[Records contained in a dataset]
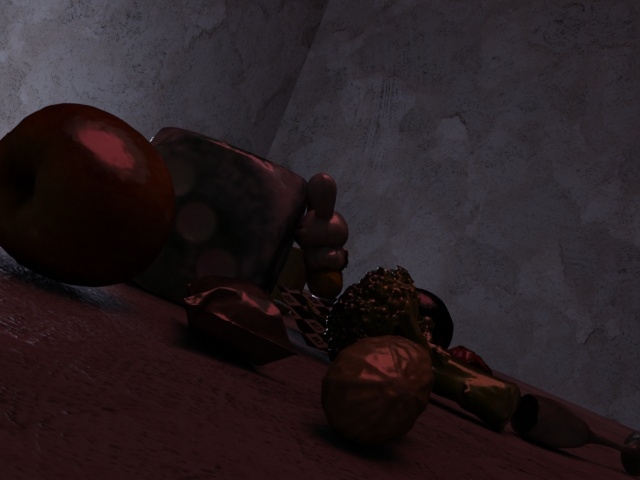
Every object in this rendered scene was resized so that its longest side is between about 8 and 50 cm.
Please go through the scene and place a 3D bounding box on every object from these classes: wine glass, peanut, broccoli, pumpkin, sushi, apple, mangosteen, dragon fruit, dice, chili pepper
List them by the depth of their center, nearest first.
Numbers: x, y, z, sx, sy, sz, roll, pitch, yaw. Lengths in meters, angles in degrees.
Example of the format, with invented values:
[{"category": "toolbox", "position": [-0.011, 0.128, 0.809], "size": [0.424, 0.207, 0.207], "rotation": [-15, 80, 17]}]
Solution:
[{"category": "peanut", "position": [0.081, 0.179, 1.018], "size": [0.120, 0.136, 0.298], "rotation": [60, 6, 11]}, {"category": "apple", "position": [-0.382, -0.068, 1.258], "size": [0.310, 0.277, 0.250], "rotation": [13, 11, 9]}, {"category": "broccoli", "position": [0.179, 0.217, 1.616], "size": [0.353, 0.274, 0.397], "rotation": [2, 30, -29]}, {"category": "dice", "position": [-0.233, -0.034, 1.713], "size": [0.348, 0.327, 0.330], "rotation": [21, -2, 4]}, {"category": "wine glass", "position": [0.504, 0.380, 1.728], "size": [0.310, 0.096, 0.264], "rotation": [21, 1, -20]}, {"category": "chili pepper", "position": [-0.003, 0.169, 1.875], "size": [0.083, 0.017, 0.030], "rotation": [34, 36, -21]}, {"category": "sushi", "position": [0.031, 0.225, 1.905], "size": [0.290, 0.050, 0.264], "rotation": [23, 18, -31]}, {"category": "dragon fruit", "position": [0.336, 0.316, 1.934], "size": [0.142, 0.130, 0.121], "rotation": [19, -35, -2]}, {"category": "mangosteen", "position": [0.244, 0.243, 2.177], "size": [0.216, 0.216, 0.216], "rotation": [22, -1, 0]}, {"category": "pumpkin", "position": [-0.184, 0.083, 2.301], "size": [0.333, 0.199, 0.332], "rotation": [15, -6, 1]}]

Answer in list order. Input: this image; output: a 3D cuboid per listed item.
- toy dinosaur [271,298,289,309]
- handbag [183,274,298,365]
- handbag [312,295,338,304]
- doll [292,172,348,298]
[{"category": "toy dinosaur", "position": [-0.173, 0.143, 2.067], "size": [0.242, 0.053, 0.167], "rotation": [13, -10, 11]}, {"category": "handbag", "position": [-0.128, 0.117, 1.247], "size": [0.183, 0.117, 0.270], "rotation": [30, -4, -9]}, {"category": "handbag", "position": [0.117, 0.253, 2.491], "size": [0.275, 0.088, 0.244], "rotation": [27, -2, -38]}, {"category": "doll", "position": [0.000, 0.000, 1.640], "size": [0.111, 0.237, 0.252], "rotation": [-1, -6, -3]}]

** What to work on **
Word for word, copy the line containing "Answer in list" and each line after it to the end of the records, and nothing besides.

** Answer space **
Answer in list order. Input: this image; output: a 3D cuboid per listed item.
- toy dinosaur [271,298,289,309]
- handbag [183,274,298,365]
- handbag [312,295,338,304]
- doll [292,172,348,298]
[{"category": "toy dinosaur", "position": [-0.173, 0.143, 2.067], "size": [0.242, 0.053, 0.167], "rotation": [13, -10, 11]}, {"category": "handbag", "position": [-0.128, 0.117, 1.247], "size": [0.183, 0.117, 0.270], "rotation": [30, -4, -9]}, {"category": "handbag", "position": [0.117, 0.253, 2.491], "size": [0.275, 0.088, 0.244], "rotation": [27, -2, -38]}, {"category": "doll", "position": [0.000, 0.000, 1.640], "size": [0.111, 0.237, 0.252], "rotation": [-1, -6, -3]}]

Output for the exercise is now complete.